# New to trail riding...info wanted!



## nicolegrantier (Mar 22, 2011)

Hello everyone!

My name is Nicole. I live in Washington State. Eastern Washington to be exact. I recently purchased my first horses since I was a teen! Ponies actually. One is a POA, the other a Quarter Pony. Both are 13.2 hands and 19 years old. I wasn't really in the market for horses but we couldn't let these girls go! 

My daughters, 10 and 5, have been taking western riding lessons for several years now. These are the horses they have been riding...and they are sweet as sweet can be! The woman they were taking lessons from recently divorced and had to part with several of her horses. So how could I NOT buy them? Laf 

Anyway, these gals are used to just about everything...they do poles, barrels, fairs, "races", lessons, cattle...you name it! But what they haven't done is trail ride...

My husband wasn't as excited about the horses as I was, but I thought this might be the key to his heart. We are already big backpackers and we'd love to incorporate the ponies. We aren't really looking to ride them on the trails but instead using them for light packing...or perhaps carrying a tired child...

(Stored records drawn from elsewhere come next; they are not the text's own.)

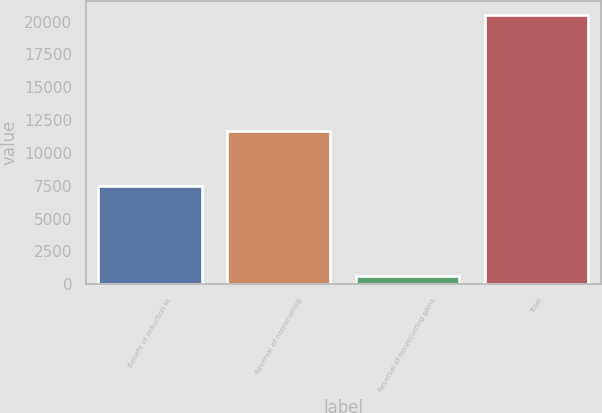<chart> <loc_0><loc_0><loc_500><loc_500><bar_chart><fcel>Benefit of reduction in<fcel>Reversal of nonrecurring<fcel>Reversal of nonrecurring gains<fcel>Total<nl><fcel>7505<fcel>11654<fcel>612<fcel>20516<nl></chart> 
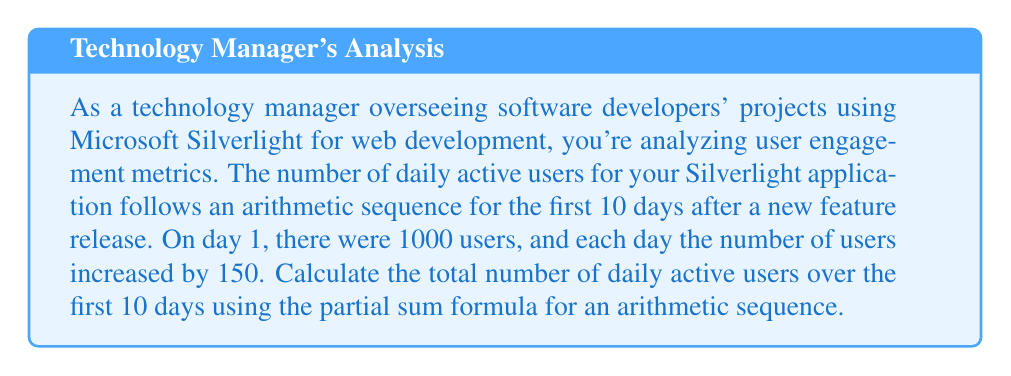Can you solve this math problem? Let's approach this step-by-step:

1) First, we identify the components of our arithmetic sequence:
   - $a_1 = 1000$ (first term)
   - $d = 150$ (common difference)
   - $n = 10$ (number of terms)

2) The formula for the partial sum of an arithmetic sequence is:

   $$S_n = \frac{n}{2}(a_1 + a_n)$$

   where $a_n$ is the last term in the sequence.

3) To find $a_n$, we use the arithmetic sequence formula:
   
   $$a_n = a_1 + (n-1)d$$
   $$a_{10} = 1000 + (10-1)150 = 1000 + 1350 = 2350$$

4) Now we can substitute into our partial sum formula:

   $$S_{10} = \frac{10}{2}(1000 + 2350)$$

5) Simplify:
   
   $$S_{10} = 5(3350) = 16750$$

Thus, the total number of daily active users over the 10-day period is 16,750.
Answer: $16,750$ daily active users 
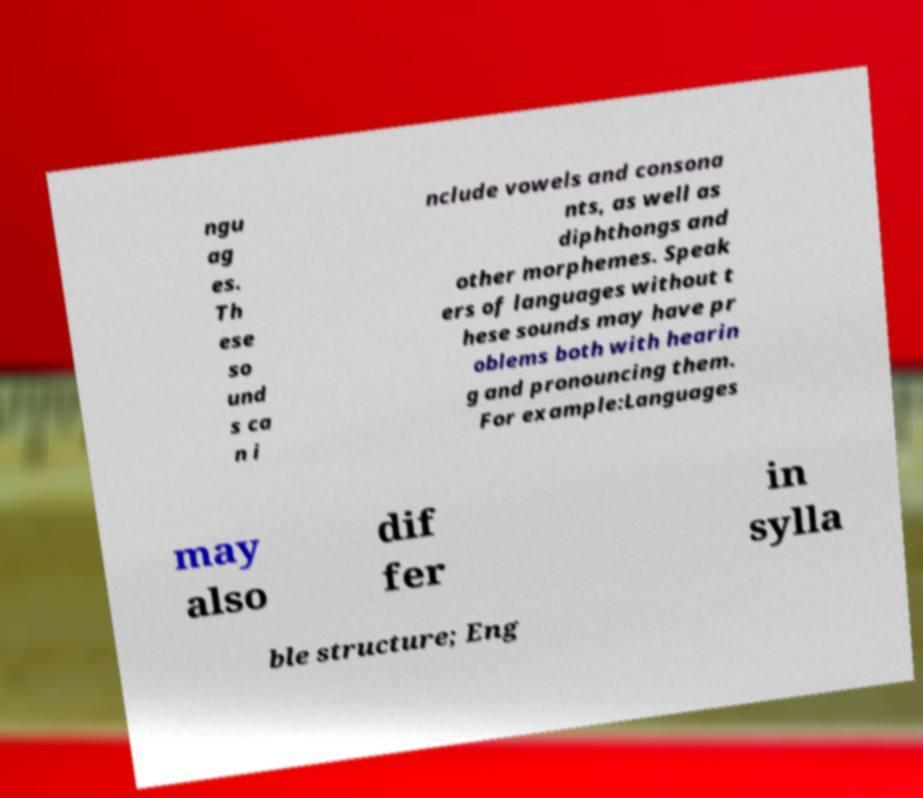Could you extract and type out the text from this image? ngu ag es. Th ese so und s ca n i nclude vowels and consona nts, as well as diphthongs and other morphemes. Speak ers of languages without t hese sounds may have pr oblems both with hearin g and pronouncing them. For example:Languages may also dif fer in sylla ble structure; Eng 
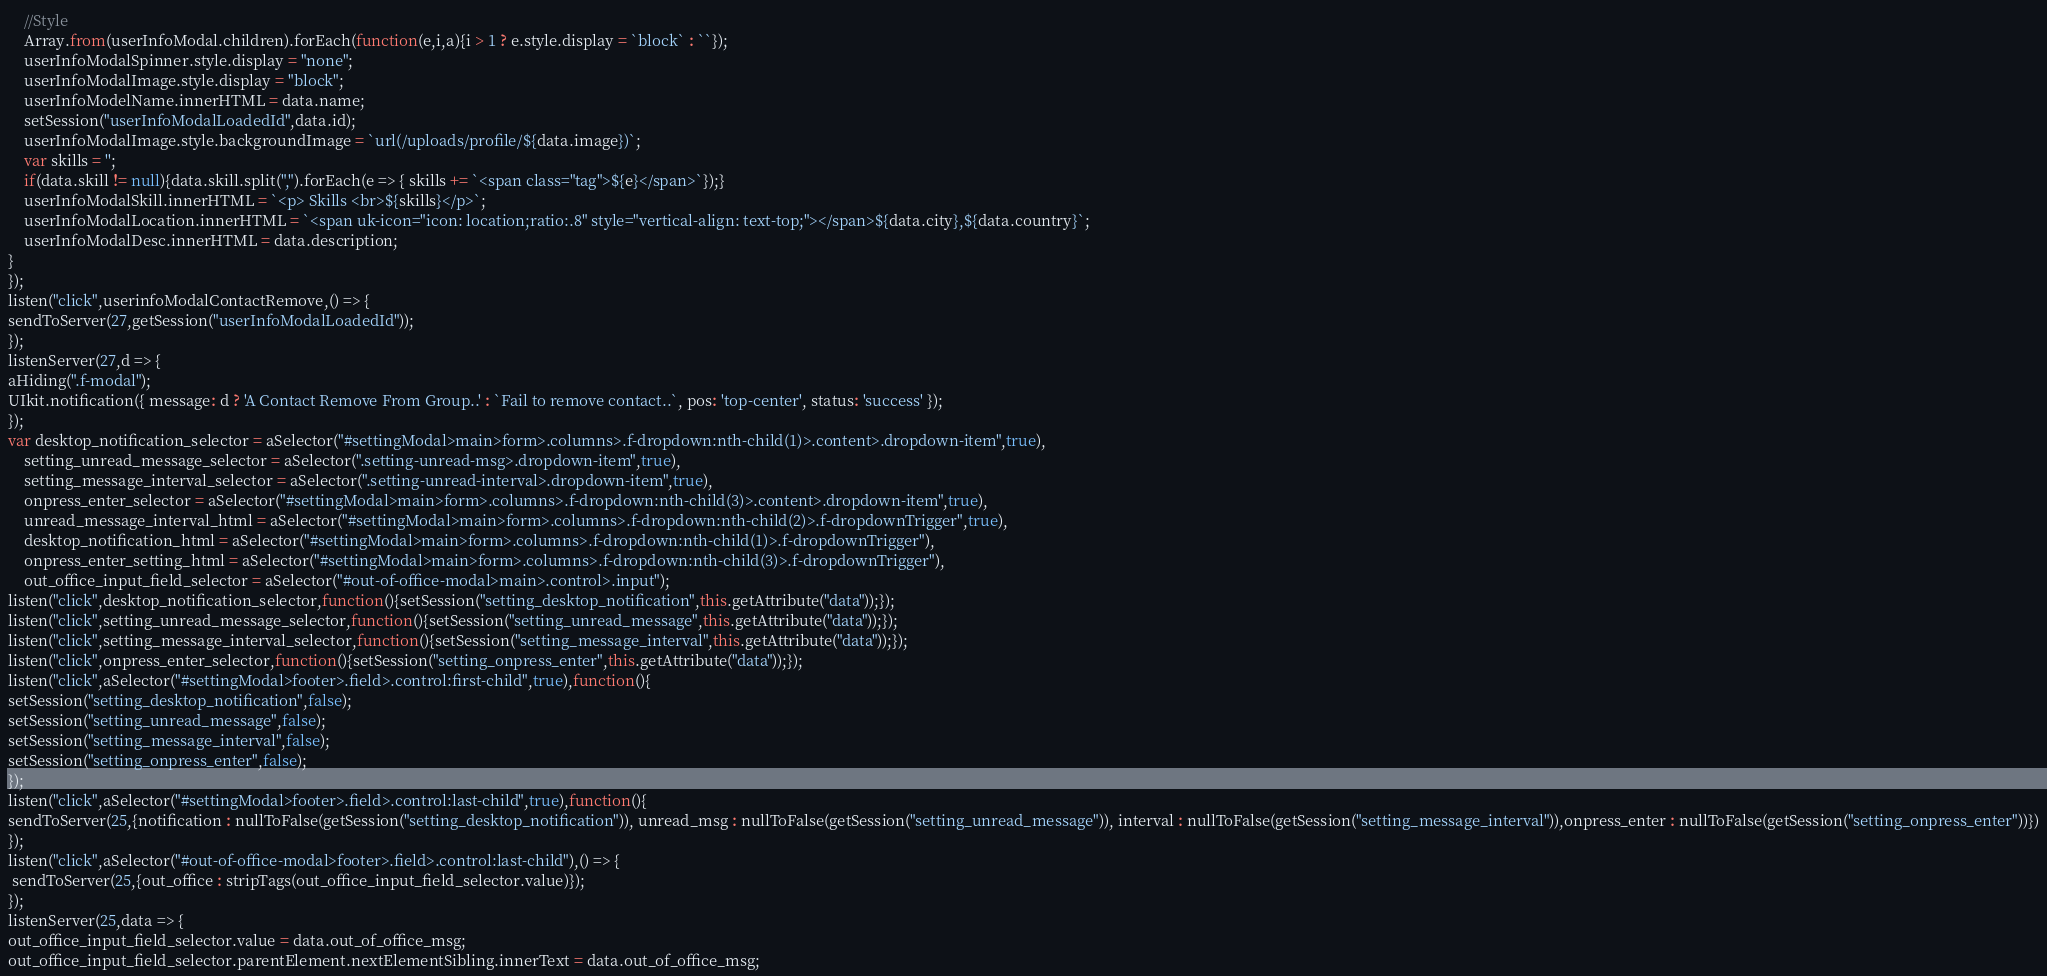<code> <loc_0><loc_0><loc_500><loc_500><_JavaScript_>    //Style
    Array.from(userInfoModal.children).forEach(function(e,i,a){i > 1 ? e.style.display = `block` : ``});
    userInfoModalSpinner.style.display = "none";
    userInfoModalImage.style.display = "block";
    userInfoModelName.innerHTML = data.name;
    setSession("userInfoModalLoadedId",data.id);    
    userInfoModalImage.style.backgroundImage = `url(/uploads/profile/${data.image})`;
    var skills = '';
    if(data.skill != null){data.skill.split(",").forEach(e => { skills += `<span class="tag">${e}</span>`});}
    userInfoModalSkill.innerHTML = `<p> Skills <br>${skills}</p>`;
    userInfoModalLocation.innerHTML = `<span uk-icon="icon: location;ratio:.8" style="vertical-align: text-top;"></span>${data.city},${data.country}`;
    userInfoModalDesc.innerHTML = data.description;
}
});
listen("click",userinfoModalContactRemove,() => {
sendToServer(27,getSession("userInfoModalLoadedId"));
});
listenServer(27,d => {
aHiding(".f-modal");
UIkit.notification({ message: d ? 'A Contact Remove From Group..' : `Fail to remove contact..`, pos: 'top-center', status: 'success' });
});
var desktop_notification_selector = aSelector("#settingModal>main>form>.columns>.f-dropdown:nth-child(1)>.content>.dropdown-item",true),
    setting_unread_message_selector = aSelector(".setting-unread-msg>.dropdown-item",true),
    setting_message_interval_selector = aSelector(".setting-unread-interval>.dropdown-item",true),
    onpress_enter_selector = aSelector("#settingModal>main>form>.columns>.f-dropdown:nth-child(3)>.content>.dropdown-item",true),
    unread_message_interval_html = aSelector("#settingModal>main>form>.columns>.f-dropdown:nth-child(2)>.f-dropdownTrigger",true),    
    desktop_notification_html = aSelector("#settingModal>main>form>.columns>.f-dropdown:nth-child(1)>.f-dropdownTrigger"),
    onpress_enter_setting_html = aSelector("#settingModal>main>form>.columns>.f-dropdown:nth-child(3)>.f-dropdownTrigger"),
    out_office_input_field_selector = aSelector("#out-of-office-modal>main>.control>.input");
listen("click",desktop_notification_selector,function(){setSession("setting_desktop_notification",this.getAttribute("data"));});
listen("click",setting_unread_message_selector,function(){setSession("setting_unread_message",this.getAttribute("data"));});
listen("click",setting_message_interval_selector,function(){setSession("setting_message_interval",this.getAttribute("data"));});
listen("click",onpress_enter_selector,function(){setSession("setting_onpress_enter",this.getAttribute("data"));});
listen("click",aSelector("#settingModal>footer>.field>.control:first-child",true),function(){
setSession("setting_desktop_notification",false);
setSession("setting_unread_message",false);
setSession("setting_message_interval",false);
setSession("setting_onpress_enter",false);
});
listen("click",aSelector("#settingModal>footer>.field>.control:last-child",true),function(){
sendToServer(25,{notification : nullToFalse(getSession("setting_desktop_notification")), unread_msg : nullToFalse(getSession("setting_unread_message")), interval : nullToFalse(getSession("setting_message_interval")),onpress_enter : nullToFalse(getSession("setting_onpress_enter"))})
});
listen("click",aSelector("#out-of-office-modal>footer>.field>.control:last-child"),() => {
 sendToServer(25,{out_office : stripTags(out_office_input_field_selector.value)});
});
listenServer(25,data => {
out_office_input_field_selector.value = data.out_of_office_msg;
out_office_input_field_selector.parentElement.nextElementSibling.innerText = data.out_of_office_msg;</code> 
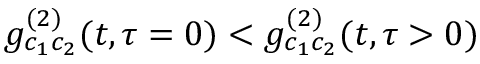<formula> <loc_0><loc_0><loc_500><loc_500>g _ { c _ { 1 } c _ { 2 } } ^ { ( 2 ) } ( t , \tau = 0 ) < g _ { c _ { 1 } c _ { 2 } } ^ { ( 2 ) } ( t , \tau > 0 )</formula> 
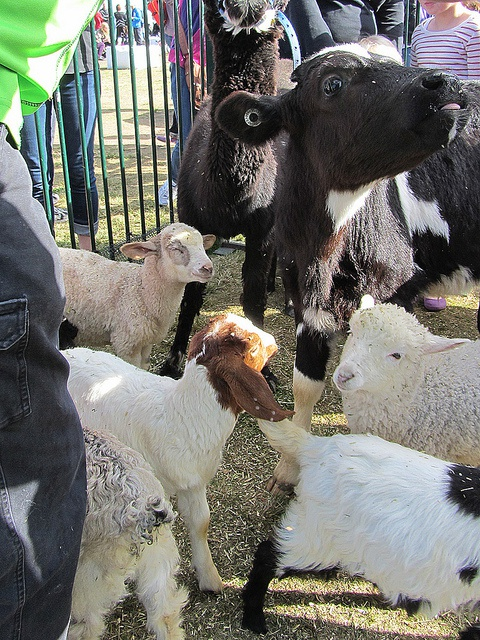Describe the objects in this image and their specific colors. I can see cow in lightgreen, black, gray, darkgray, and lightgray tones, people in lightgreen, black, gray, and white tones, sheep in lightgreen, darkgray, lightgray, and black tones, sheep in lightgreen, darkgray, lightgray, maroon, and gray tones, and sheep in lightgreen, darkgray, lightgray, and gray tones in this image. 
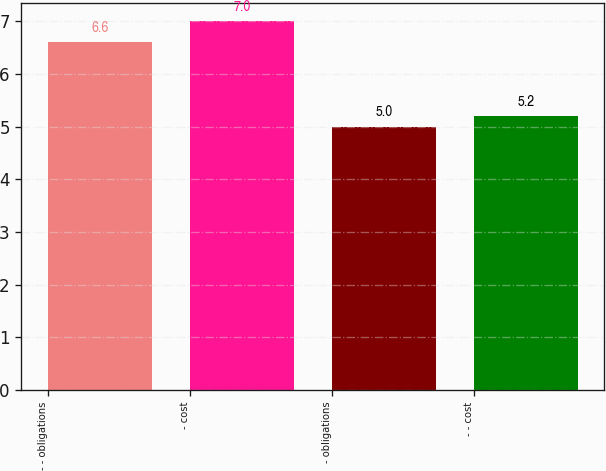<chart> <loc_0><loc_0><loc_500><loc_500><bar_chart><fcel>- - obligations<fcel>- cost<fcel>- obligations<fcel>- - cost<nl><fcel>6.6<fcel>7<fcel>5<fcel>5.2<nl></chart> 
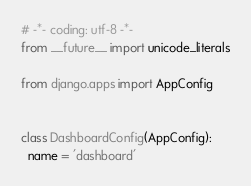Convert code to text. <code><loc_0><loc_0><loc_500><loc_500><_Python_># -*- coding: utf-8 -*-
from __future__ import unicode_literals

from django.apps import AppConfig


class DashboardConfig(AppConfig):
  name = 'dashboard'
</code> 
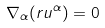Convert formula to latex. <formula><loc_0><loc_0><loc_500><loc_500>\nabla _ { \alpha } ( r u ^ { \alpha } ) = 0</formula> 
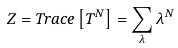Convert formula to latex. <formula><loc_0><loc_0><loc_500><loc_500>Z = T r a c e \left [ T ^ { N } \right ] = \sum _ { \lambda } \lambda ^ { N }</formula> 
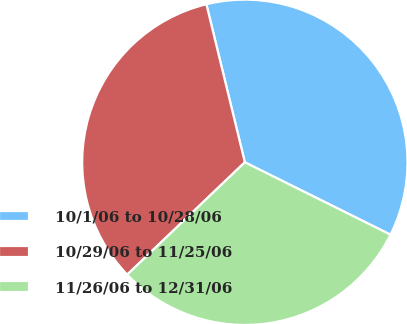<chart> <loc_0><loc_0><loc_500><loc_500><pie_chart><fcel>10/1/06 to 10/28/06<fcel>10/29/06 to 11/25/06<fcel>11/26/06 to 12/31/06<nl><fcel>36.14%<fcel>33.33%<fcel>30.52%<nl></chart>

I know NOTHING about trail riding or packing...I've begun looking at trails in out area and reading a bit online but am wanting as much info as I can find! Feeding, packs, etiquette, shoes, you name it, I want to know about it! 

Thanks in advance everyone! So excited!

Nicole


----------



## tinyliny (Oct 31, 2009)

get in contact with the Backcountry Horsemen of Washington. Just google them. There's a member here called, "Trails" who is involved in this organization and would no doubt love to help you.


----------



## SailorGriz (Nov 28, 2010)

Depending on where in Eastern Washington you live, there is also a very active Back Country Horsemen of Idaho in Lewiston. We have members from both sides of the river. If it's close, they, too, are a good resource.

The weekend of April 9 is the Inland Outdoor Show at Lewiston. The Horsemen are putting on a packing demo/seminar at the show on Saturday and Sunday. That, too, would be a good place to get an introduction to packing a horse or pony for the back country. You can go here http://www.twinriversbch.com/Documents/INWOS-2011.pdf for more information.


----------